In terms of poetry, I just picked up Melody Paloma’s In Some Ways Dingo, which I’ve been looking forward to for a while, and I’m revisiting Bella Li’s Argosy and Monica Youn’s Blackacre.
I’m also in the middle of a couple of series: Elena Ferrante’s Neapolitan tetralogy and Edward St Aubyn’s Patrick Melrose novels, both of which have been on my reading list for a while.
I was reading Patrick White’s The Vivisector, in an attempt to finish it before the Centre for Deep Reading’s White Out weekend, but work got in the way. So it’s back on the pile while I have another stab at Roberto Calasso. I got nowhere with The Ruin of Kasch, but I’m finding The Marriage of Cadmus of Harmony more rewarding, at least so far.
Q. I normally ask my subjects “what’s next” is there something you are working on that you can tell us about?”, however I’ll ask it this way, are you continuing to “write to forget” or are you now an “empty vessel”?
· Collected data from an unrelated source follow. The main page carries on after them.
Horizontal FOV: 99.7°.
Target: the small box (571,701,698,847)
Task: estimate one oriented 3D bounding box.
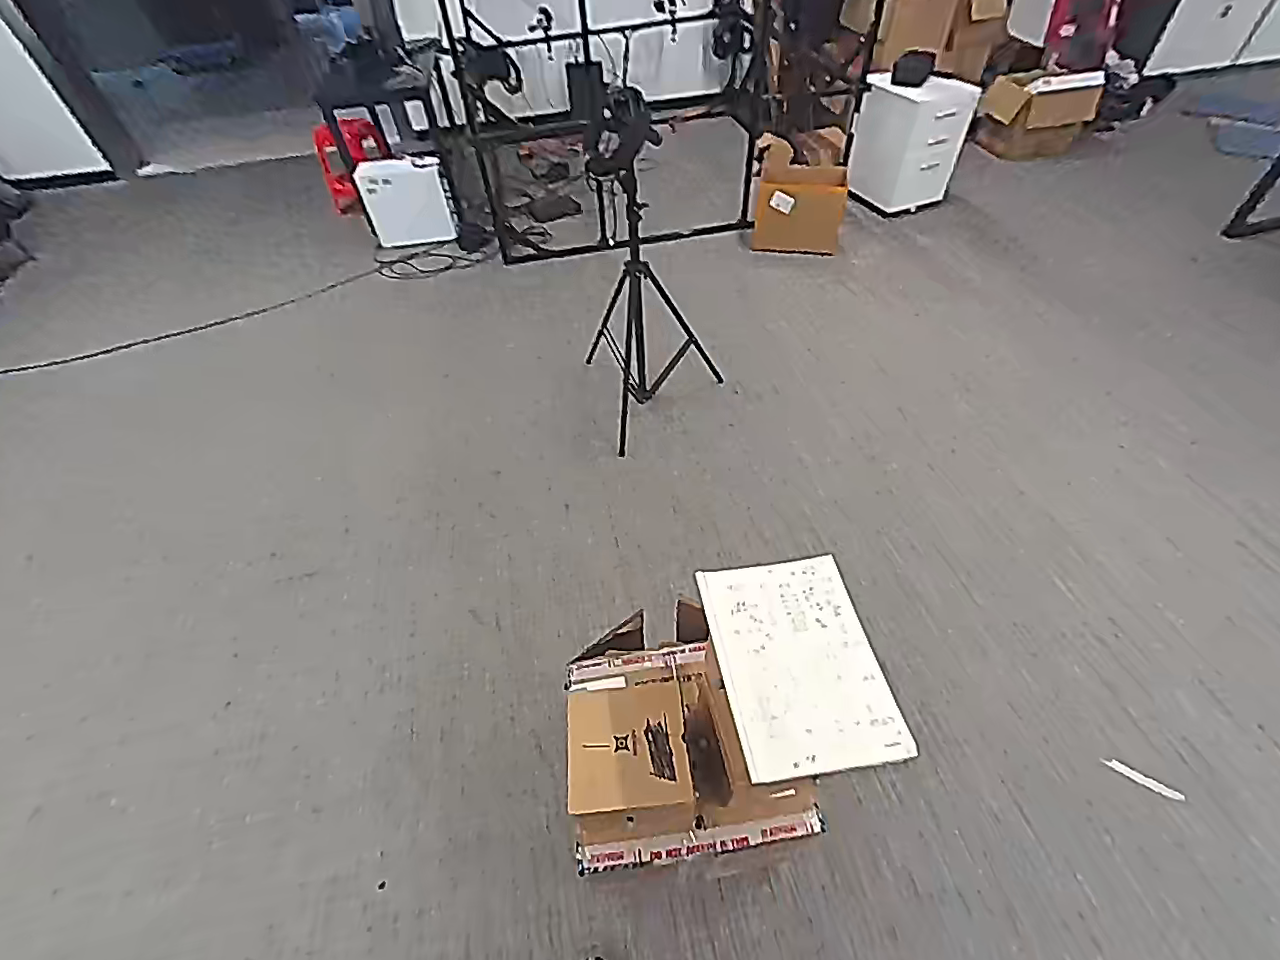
[{"bbox_3d":[-0.010,0.459,0.840,0.179,0.176,0.168,-6,51,-1],"label":"small box"}]

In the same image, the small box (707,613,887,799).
[{"bbox_3d":[0.197,0.310,0.743,0.168,0.176,0.179,-9,50,-7],"label":"small box"}]

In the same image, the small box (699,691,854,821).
[{"bbox_3d":[0.203,0.421,0.862,0.179,0.176,0.168,-11,51,-8],"label":"small box"}]
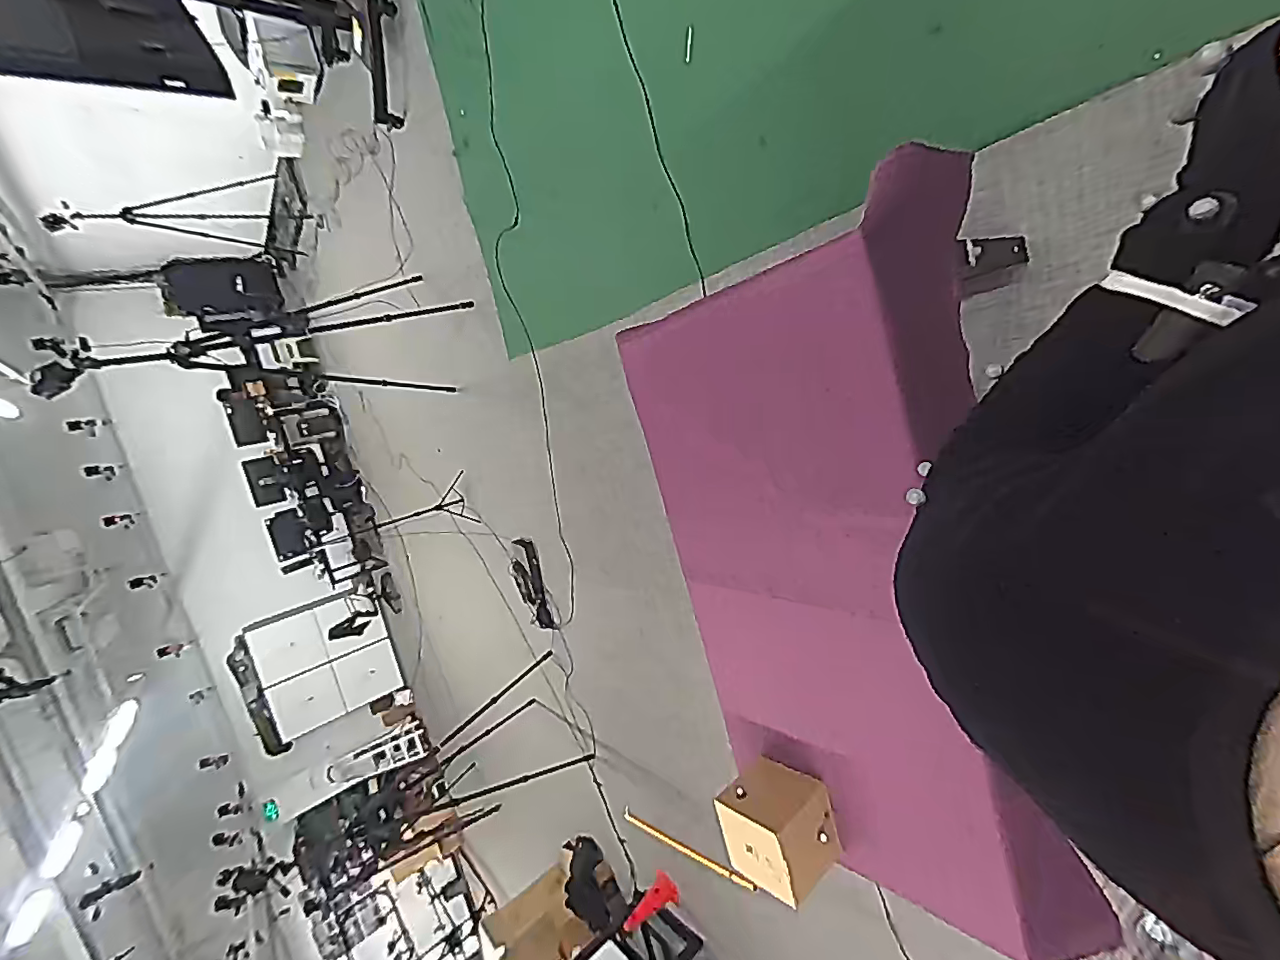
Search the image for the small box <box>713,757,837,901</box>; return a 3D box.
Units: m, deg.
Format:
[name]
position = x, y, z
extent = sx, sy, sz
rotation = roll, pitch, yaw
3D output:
[small box]
position = 0.289, 0.730, 1.159
extent = 0.179, 0.176, 0.168
rotation = -7, 100, 53
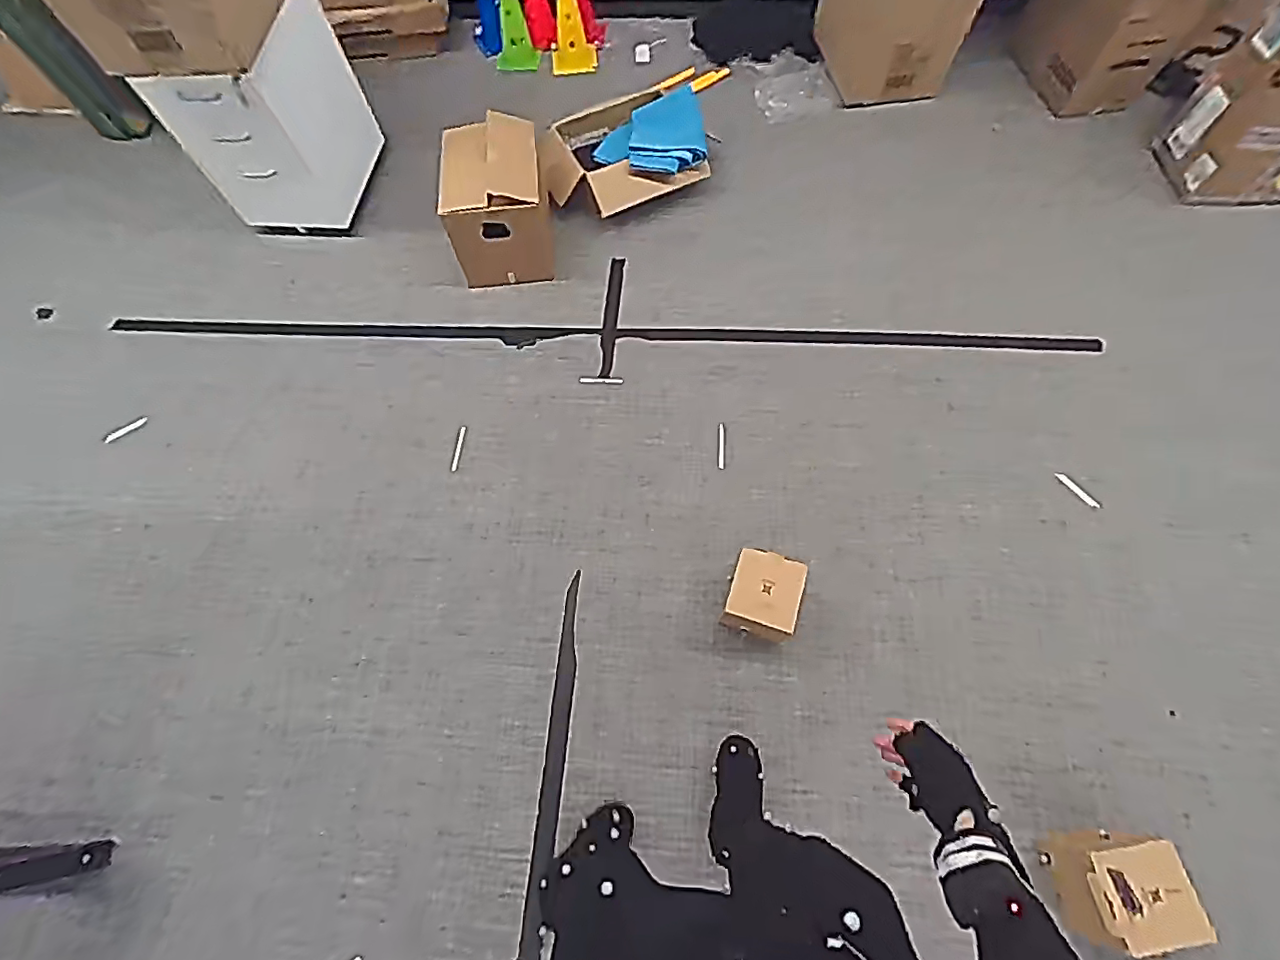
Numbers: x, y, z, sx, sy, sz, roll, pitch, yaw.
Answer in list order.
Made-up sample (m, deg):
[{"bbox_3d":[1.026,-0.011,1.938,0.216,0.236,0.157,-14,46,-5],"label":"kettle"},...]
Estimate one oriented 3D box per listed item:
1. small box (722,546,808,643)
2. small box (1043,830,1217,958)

Writing to forget, always. Both in the sense that an idea or a line, once written, ceases to tap me on the shoulder and ask to be remembered, and in the sense that it then risks being erased from memory altogether. How often do you go back through a notebook and find that a thought you had that morning is the same as one you had four years ago? But writing is also thinking, and I’m always reading to remember, so the important things come back eventually.
At the moment I’m working on a poetry and poetics project called the Heavenly Emporium of Benevolent Knowledge, the title of which comes from a certain Chinese encyclopaedia uncovered by Jorge Luis Borges. In its distant pages, he writes, animals are not divided into mammals and fish and birds, but more creative categories like “those that belong to the emperor” and “those that have just broken the flower vase”. Each poem in my Heavenly Emporium corresponds to one of the encyclopaedia’s categories, proposing an Australian animal that could fit that particular classification.